— Collected material —
══════

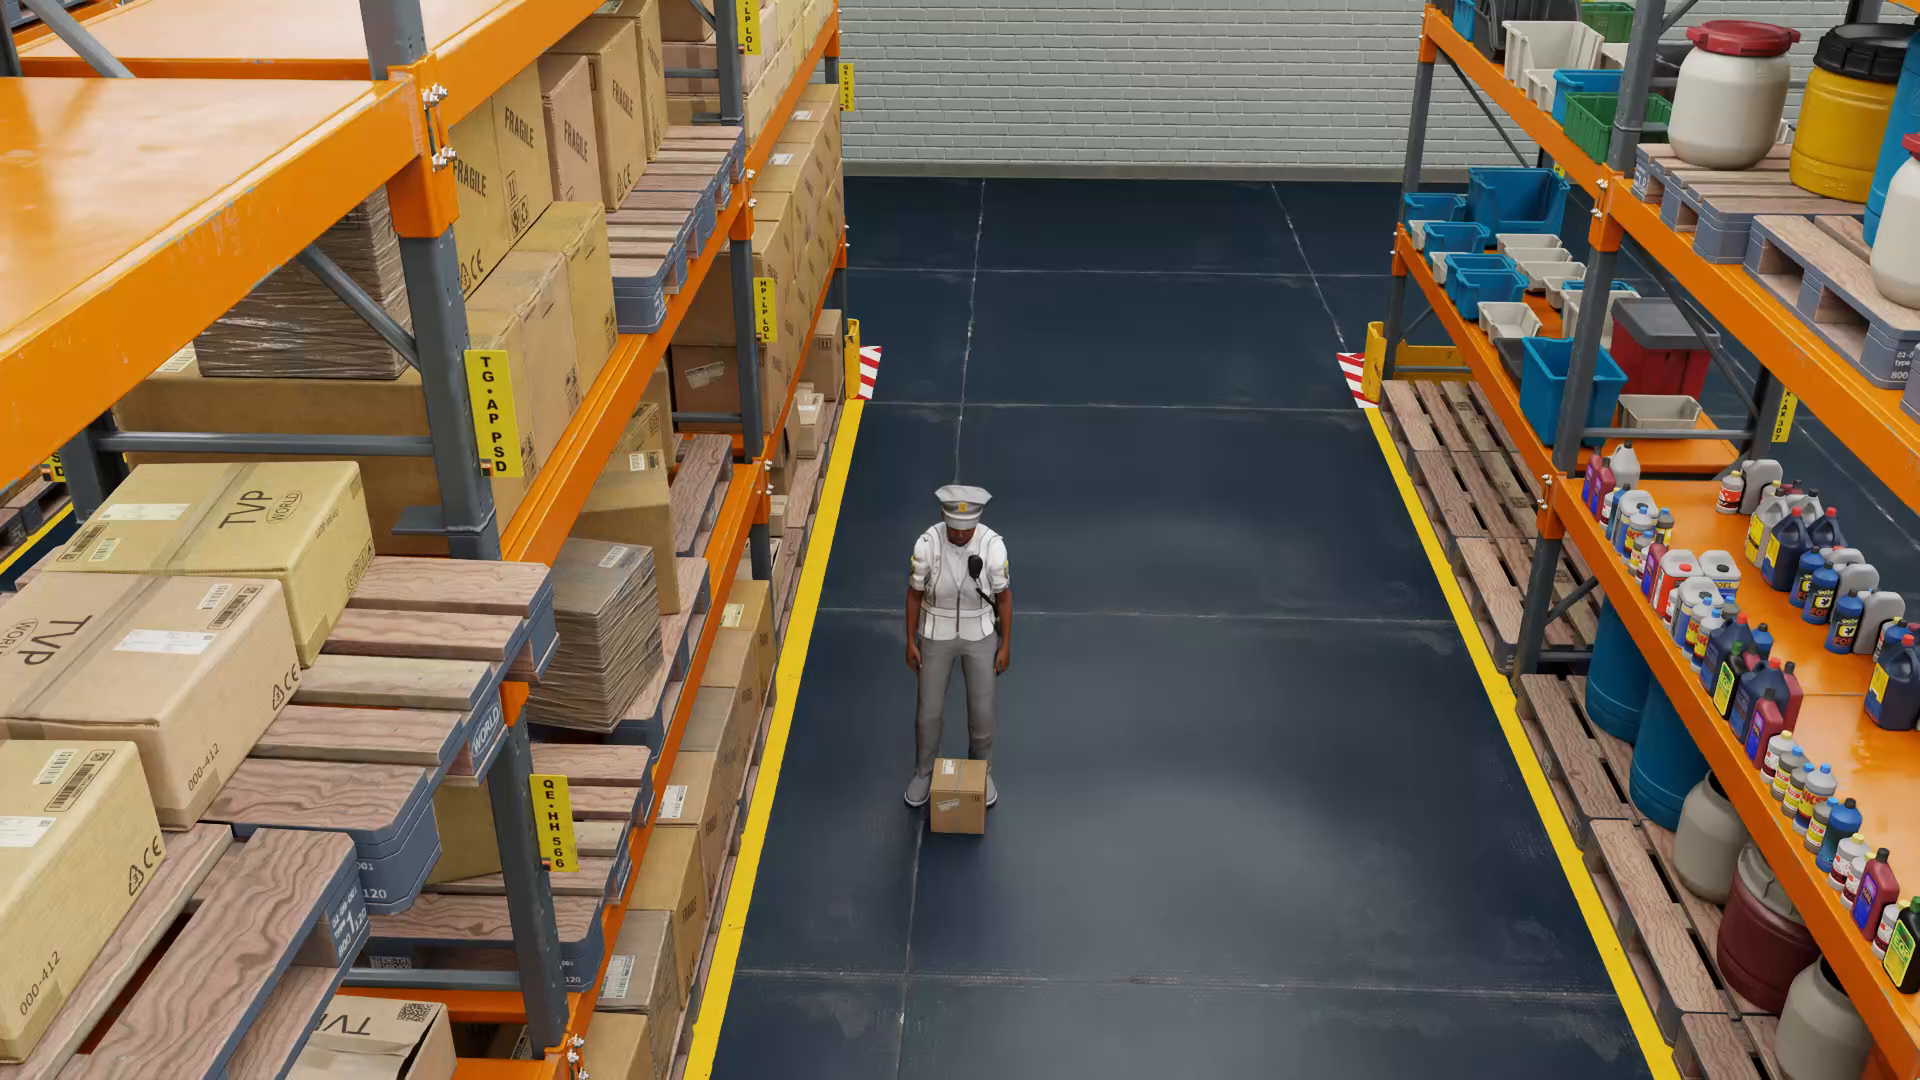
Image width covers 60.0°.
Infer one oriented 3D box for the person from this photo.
[{"bbox_3d":[-0.012,0.478,7.729,0.505,1.659,0.392,1,28,2],"label":"person"}]

══════

— Task objective —
Starting from the line that contains "Infer one oriented", reproduce each line of the data exactly through the last one.

— Reply to the exercise —
Infer one oriented 3D box for the person from this photo.
[{"bbox_3d":[-0.012,0.478,7.729,0.505,1.659,0.392,1,28,2],"label":"person"}]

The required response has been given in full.